🤖 AI Summary
To address the lack of semantic interpretability and cross-class discriminability in hash codes for fine-grained image retrieval, this paper proposes an attribute-aware learnable query hashing method. The method introduces learnable visual attribute queries, wherein each hash bit explicitly corresponds to a semantically meaningful attribute; incorporates an auxiliary branch to model higher-order attribute interactions, thereby enhancing the discriminability and robustness of low-bit hash codes; and employs a Transformer architecture with multi-head self-attention for end-to-end optimization. Evaluated on standard benchmarks—including CUB-200 and Stanford Dogs—the method significantly outperforms state-of-the-art hashing approaches, particularly under 16–32-bit code lengths, achieving substantial gains in retrieval accuracy. Crucially, it simultaneously delivers strong semantic interpretability—each bit is grounded in human-understandable attributes—and high retrieval performance.
📝 Abstract
Fine-grained hashing has become a powerful solution for rapid and efficient image retrieval, particularly in scenarios requiring high discrimination between visually similar categories. To enable each hash bit to correspond to specific visual attributes, we propoe a novel method that harnesses learnable queries for attribute-aware hash codes learning.
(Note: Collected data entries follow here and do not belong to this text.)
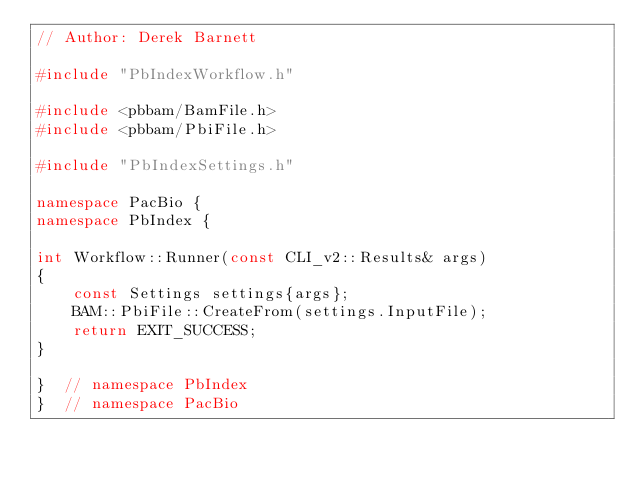Convert code to text. <code><loc_0><loc_0><loc_500><loc_500><_C++_>// Author: Derek Barnett

#include "PbIndexWorkflow.h"

#include <pbbam/BamFile.h>
#include <pbbam/PbiFile.h>

#include "PbIndexSettings.h"

namespace PacBio {
namespace PbIndex {

int Workflow::Runner(const CLI_v2::Results& args)
{
    const Settings settings{args};
    BAM::PbiFile::CreateFrom(settings.InputFile);
    return EXIT_SUCCESS;
}

}  // namespace PbIndex
}  // namespace PacBio
</code> 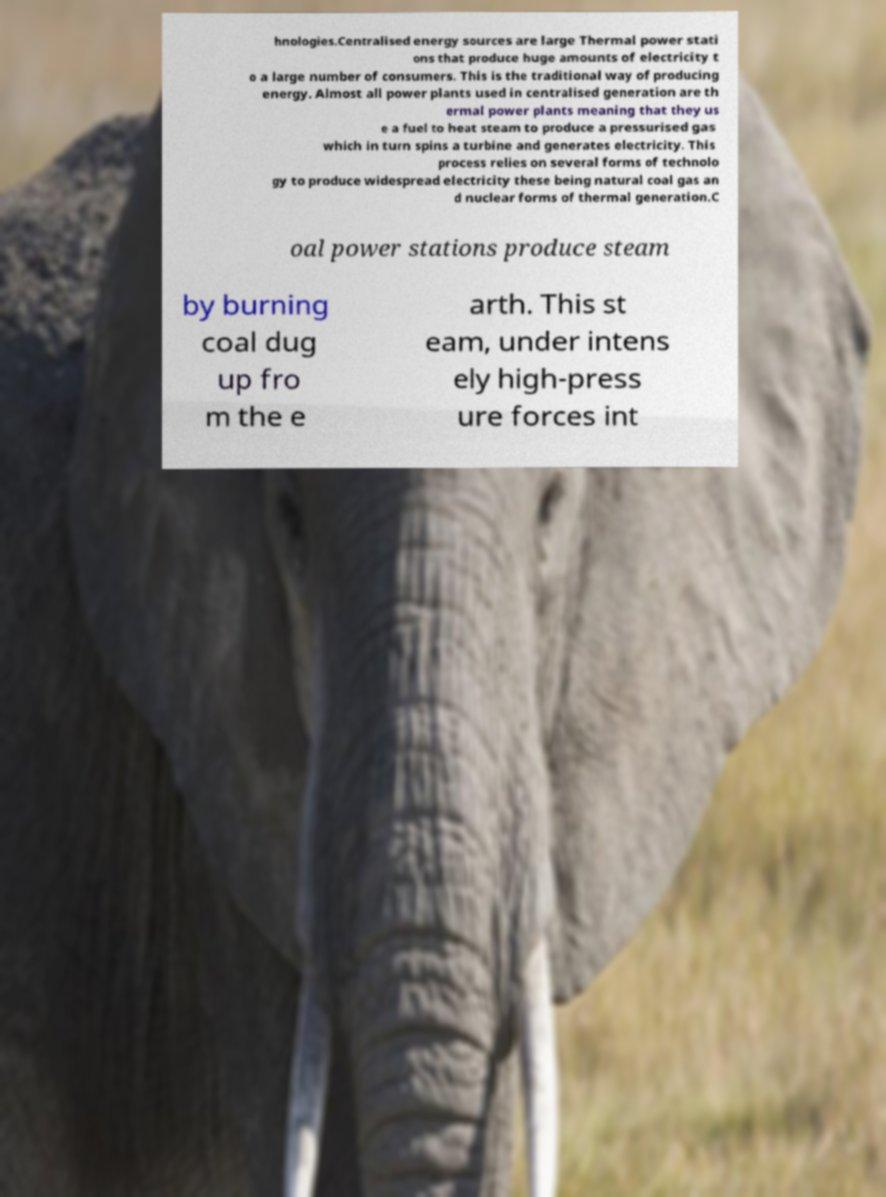Please identify and transcribe the text found in this image. hnologies.Centralised energy sources are large Thermal power stati ons that produce huge amounts of electricity t o a large number of consumers. This is the traditional way of producing energy. Almost all power plants used in centralised generation are th ermal power plants meaning that they us e a fuel to heat steam to produce a pressurised gas which in turn spins a turbine and generates electricity. This process relies on several forms of technolo gy to produce widespread electricity these being natural coal gas an d nuclear forms of thermal generation.C oal power stations produce steam by burning coal dug up fro m the e arth. This st eam, under intens ely high-press ure forces int 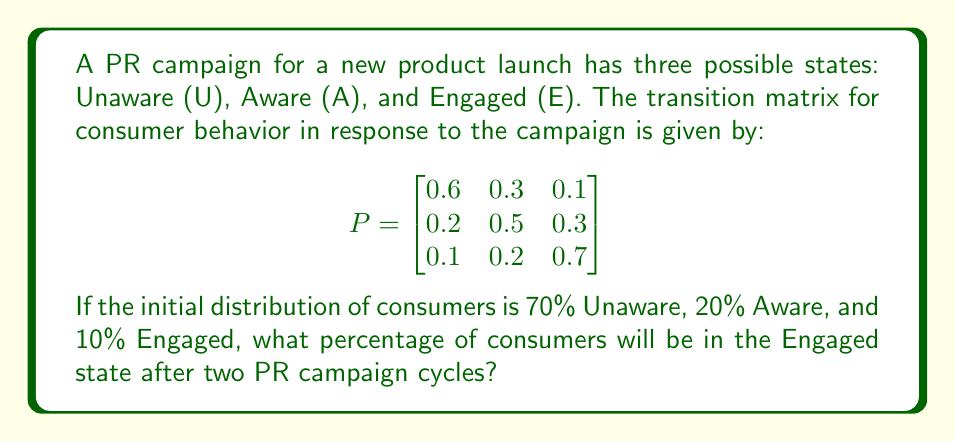Teach me how to tackle this problem. To solve this problem, we'll use Markov chain analysis:

1. Let's define the initial state vector:
   $$\pi_0 = [0.7, 0.2, 0.1]$$

2. To find the state after two cycles, we need to multiply the initial state by the transition matrix twice:
   $$\pi_2 = \pi_0 \cdot P^2$$

3. First, let's calculate $P^2$:
   $$P^2 = P \cdot P = \begin{bmatrix}
   0.6 & 0.3 & 0.1 \\
   0.2 & 0.5 & 0.3 \\
   0.1 & 0.2 & 0.7
   \end{bmatrix} \cdot \begin{bmatrix}
   0.6 & 0.3 & 0.1 \\
   0.2 & 0.5 & 0.3 \\
   0.1 & 0.2 & 0.7
   \end{bmatrix}$$

4. Performing the matrix multiplication:
   $$P^2 = \begin{bmatrix}
   0.43 & 0.33 & 0.24 \\
   0.29 & 0.40 & 0.31 \\
   0.19 & 0.28 & 0.53
   \end{bmatrix}$$

5. Now, we can calculate $\pi_2$:
   $$\pi_2 = [0.7, 0.2, 0.1] \cdot \begin{bmatrix}
   0.43 & 0.33 & 0.24 \\
   0.29 & 0.40 & 0.31 \\
   0.19 & 0.28 & 0.53
   \end{bmatrix}$$

6. Performing this multiplication:
   $$\pi_2 = [0.389, 0.343, 0.268]$$

7. The last element of $\pi_2$ represents the proportion of consumers in the Engaged state after two cycles.

8. Converting to a percentage: $0.268 \times 100\% = 26.8\%$
Answer: 26.8% 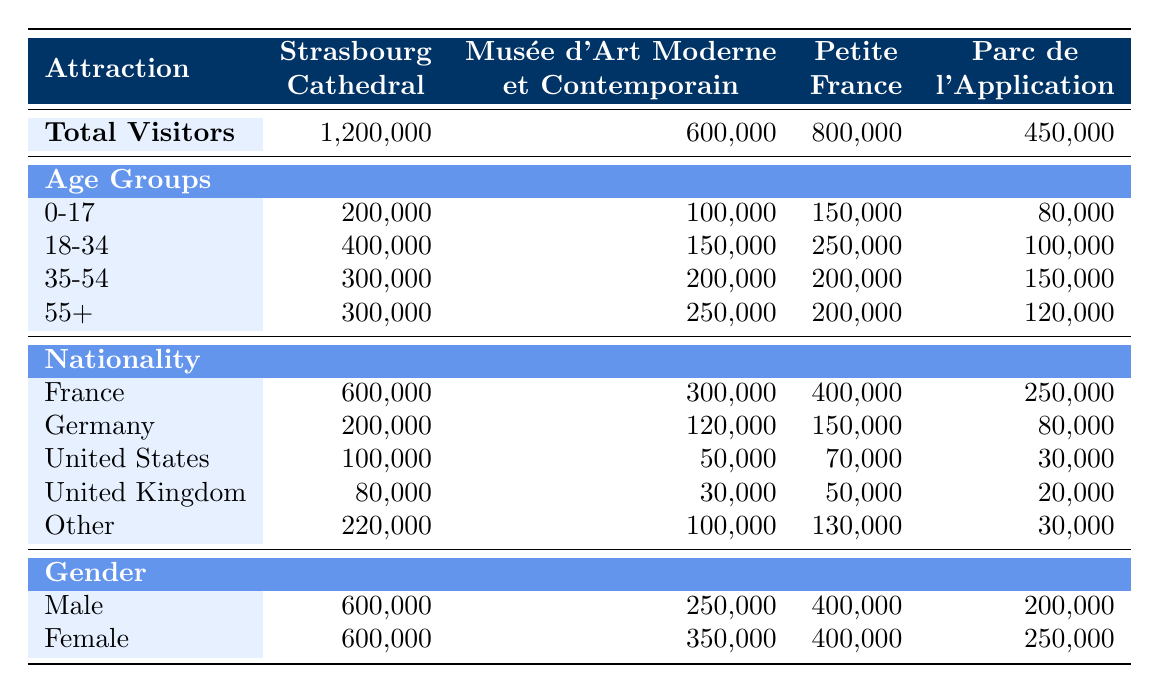What is the total number of visitors to the Strasbourg Cathedral? The total number of visitors for each attraction is listed in the first row of the table. For the Strasbourg Cathedral, the value is clearly stated as 1,200,000.
Answer: 1,200,000 How many visitors aged 18-34 visited the Musée d'Art Moderne et Contemporain? The age group 18-34 for the Musée d'Art Moderne et Contemporain is found in the age groups section of the table. The number of visitors in this category is 150,000.
Answer: 150,000 Is the number of visitors from Germany to Petite France greater than those from the United Kingdom? The number of visitors from Germany to Petite France is 150,000, while the number from the United Kingdom is 50,000. Since 150,000 is greater than 50,000, the statement is true.
Answer: Yes What is the total number of visitors older than 55 years for all attractions combined? To find this, we add the number of visitors aged 55+ from each attraction: 300,000 (Strasbourg Cathedral) + 250,000 (Musée d'Art Moderne et Contemporain) + 200,000 (Petite France) + 120,000 (Parc de l'Application) = 870,000.
Answer: 870,000 What percentage of the total visitors to Parc de l'Application are male? The total number of visitors to Parc de l'Application is 450,000, and the number of male visitors is 200,000. The percentage is calculated by (200,000 / 450,000) * 100, which equals approximately 44.44%.
Answer: 44.44% Which attraction has the highest number of visitors from the United States? The United States visitor numbers for each attraction are as follows: Strasbourg Cathedral has 100,000, Musée d'Art Moderne et Contemporain has 50,000, Petite France has 70,000, and Parc de l'Application has 30,000. The highest number is from Strasbourg Cathedral at 100,000.
Answer: Strasbourg Cathedral How many more female visitors were there than male visitors at the Musée d'Art Moderne et Contemporain? For the Musée d'Art Moderne et Contemporain, there are 350,000 female visitors and 250,000 male visitors. The difference is 350,000 - 250,000 = 100,000 more female visitors.
Answer: 100,000 Are there an equal number of male and female visitors to Petite France? The number of male visitors to Petite France is 400,000, and the number of female visitors is also 400,000. Since both numbers are equal, the answer is yes.
Answer: Yes

This method deploys a tailored set of queries to capture and represent nuanced attribute-level information within the hashing process, thereby enhancing both the interpretability and relevance of each hash bit. Building on this query-based optimization framework, we incorporate an auxiliary branch to help alleviate the challenges of complex landscape optimization often encountered with low-bit hash codes. This auxiliary branch models high-order attribute interactions, reinforcing the robustness and specificity of the generated hash codes. Experimental results on benchmark datasets demonstrate that our method generates attribute-aware hash codes and consistently outperforms state-of-the-art techniques in retrieval accuracy and robustness, especially for low-bit hash codes, underscoring its potential in fine-grained image hashing tasks.